— ABOUT THIS EXERCISE —
Please find how many lines of the data contain the string "example", and respond with that number only.

— DATA FOR THIS EXERCISE —

*** Block opens ***

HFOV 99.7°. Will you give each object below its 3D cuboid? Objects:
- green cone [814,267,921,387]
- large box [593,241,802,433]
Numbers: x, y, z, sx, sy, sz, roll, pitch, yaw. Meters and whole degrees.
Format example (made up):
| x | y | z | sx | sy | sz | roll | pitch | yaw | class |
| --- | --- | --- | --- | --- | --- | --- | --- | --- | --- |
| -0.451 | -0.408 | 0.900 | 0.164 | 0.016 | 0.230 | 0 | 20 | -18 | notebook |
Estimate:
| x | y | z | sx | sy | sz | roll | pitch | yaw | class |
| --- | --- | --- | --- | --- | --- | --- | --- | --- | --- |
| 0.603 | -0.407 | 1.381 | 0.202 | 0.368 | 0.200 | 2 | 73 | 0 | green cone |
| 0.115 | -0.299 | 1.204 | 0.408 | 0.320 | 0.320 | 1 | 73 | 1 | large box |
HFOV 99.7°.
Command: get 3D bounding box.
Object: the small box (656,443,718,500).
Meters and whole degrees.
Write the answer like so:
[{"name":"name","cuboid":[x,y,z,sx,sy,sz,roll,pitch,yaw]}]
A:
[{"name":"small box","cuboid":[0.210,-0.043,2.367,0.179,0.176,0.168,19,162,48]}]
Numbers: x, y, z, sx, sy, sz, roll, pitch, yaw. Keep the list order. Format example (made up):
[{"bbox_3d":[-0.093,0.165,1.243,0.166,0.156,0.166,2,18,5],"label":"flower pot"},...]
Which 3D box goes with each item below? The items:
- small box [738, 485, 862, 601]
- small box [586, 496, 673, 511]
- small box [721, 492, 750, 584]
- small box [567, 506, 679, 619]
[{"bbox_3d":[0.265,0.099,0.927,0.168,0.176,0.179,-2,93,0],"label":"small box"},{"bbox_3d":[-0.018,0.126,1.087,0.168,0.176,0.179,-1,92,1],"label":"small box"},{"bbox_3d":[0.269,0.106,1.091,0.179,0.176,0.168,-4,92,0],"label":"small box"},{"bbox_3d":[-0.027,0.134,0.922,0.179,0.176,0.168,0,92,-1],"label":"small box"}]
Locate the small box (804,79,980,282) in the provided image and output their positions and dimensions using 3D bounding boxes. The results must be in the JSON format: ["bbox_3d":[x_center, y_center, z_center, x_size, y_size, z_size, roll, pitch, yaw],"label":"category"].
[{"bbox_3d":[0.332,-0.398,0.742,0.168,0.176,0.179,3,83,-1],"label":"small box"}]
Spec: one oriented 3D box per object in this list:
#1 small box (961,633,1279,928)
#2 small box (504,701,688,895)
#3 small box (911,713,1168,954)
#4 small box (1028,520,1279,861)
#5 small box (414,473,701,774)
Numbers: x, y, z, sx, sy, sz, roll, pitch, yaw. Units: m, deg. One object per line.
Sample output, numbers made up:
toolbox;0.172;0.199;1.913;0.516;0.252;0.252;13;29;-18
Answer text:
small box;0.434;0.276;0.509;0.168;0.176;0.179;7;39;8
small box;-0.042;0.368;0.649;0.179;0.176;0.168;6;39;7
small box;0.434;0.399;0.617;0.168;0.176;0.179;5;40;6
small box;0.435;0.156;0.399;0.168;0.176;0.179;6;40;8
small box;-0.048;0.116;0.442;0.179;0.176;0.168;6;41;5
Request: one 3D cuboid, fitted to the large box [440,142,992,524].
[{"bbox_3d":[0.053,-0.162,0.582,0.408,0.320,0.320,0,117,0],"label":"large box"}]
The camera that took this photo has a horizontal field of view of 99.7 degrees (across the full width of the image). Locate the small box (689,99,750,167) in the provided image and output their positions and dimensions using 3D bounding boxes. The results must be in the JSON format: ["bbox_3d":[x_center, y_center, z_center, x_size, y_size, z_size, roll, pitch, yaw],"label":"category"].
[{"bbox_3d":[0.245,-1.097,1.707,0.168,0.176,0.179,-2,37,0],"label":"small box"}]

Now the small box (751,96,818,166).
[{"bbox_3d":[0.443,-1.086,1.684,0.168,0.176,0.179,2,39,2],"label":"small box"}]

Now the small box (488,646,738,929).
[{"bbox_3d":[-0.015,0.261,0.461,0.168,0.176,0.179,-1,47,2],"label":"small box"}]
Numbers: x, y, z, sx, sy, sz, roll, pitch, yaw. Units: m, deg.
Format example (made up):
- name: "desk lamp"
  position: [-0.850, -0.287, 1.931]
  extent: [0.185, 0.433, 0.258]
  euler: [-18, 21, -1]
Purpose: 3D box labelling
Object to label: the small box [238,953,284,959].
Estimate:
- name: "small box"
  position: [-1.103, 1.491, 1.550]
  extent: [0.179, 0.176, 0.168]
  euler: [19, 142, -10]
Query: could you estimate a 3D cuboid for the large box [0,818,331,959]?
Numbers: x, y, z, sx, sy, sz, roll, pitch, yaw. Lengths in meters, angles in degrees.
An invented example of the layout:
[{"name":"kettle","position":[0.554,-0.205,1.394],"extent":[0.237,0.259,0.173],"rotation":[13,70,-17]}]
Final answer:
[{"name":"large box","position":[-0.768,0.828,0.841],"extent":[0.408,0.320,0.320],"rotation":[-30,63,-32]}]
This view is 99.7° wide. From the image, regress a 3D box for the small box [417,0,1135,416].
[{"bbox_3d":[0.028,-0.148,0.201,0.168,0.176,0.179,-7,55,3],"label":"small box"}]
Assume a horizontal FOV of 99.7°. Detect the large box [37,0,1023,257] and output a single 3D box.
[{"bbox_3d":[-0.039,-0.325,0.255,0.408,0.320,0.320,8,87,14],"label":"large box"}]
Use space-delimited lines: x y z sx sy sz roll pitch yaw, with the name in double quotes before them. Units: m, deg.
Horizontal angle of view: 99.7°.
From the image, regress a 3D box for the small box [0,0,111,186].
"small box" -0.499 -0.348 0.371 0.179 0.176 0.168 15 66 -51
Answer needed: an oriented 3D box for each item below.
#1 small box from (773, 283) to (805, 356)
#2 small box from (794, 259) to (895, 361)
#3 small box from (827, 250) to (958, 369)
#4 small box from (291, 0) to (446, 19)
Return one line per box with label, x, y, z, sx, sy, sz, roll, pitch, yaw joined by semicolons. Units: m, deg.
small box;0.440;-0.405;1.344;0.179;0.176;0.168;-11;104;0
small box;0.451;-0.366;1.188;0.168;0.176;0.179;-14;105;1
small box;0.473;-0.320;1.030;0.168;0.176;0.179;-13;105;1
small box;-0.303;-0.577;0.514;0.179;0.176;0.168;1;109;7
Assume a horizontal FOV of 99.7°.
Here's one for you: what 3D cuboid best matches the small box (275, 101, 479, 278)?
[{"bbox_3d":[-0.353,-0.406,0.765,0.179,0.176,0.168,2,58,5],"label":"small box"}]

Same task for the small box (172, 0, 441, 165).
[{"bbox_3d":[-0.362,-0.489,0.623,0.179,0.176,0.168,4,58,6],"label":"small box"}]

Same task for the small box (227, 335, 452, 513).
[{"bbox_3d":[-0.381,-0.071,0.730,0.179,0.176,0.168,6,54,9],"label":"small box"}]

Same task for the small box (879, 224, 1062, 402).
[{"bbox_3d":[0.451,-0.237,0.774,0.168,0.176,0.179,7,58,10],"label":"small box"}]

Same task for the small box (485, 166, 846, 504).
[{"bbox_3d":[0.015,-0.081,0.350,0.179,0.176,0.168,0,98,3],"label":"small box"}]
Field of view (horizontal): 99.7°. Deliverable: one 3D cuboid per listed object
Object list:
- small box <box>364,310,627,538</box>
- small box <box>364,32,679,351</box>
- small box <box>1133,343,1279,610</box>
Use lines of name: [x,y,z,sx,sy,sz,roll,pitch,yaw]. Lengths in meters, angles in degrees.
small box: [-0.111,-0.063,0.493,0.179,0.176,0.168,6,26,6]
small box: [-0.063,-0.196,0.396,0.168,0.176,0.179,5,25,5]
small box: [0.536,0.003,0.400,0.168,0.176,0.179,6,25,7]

*** Block closes ***

— ANSWER SECTION —
4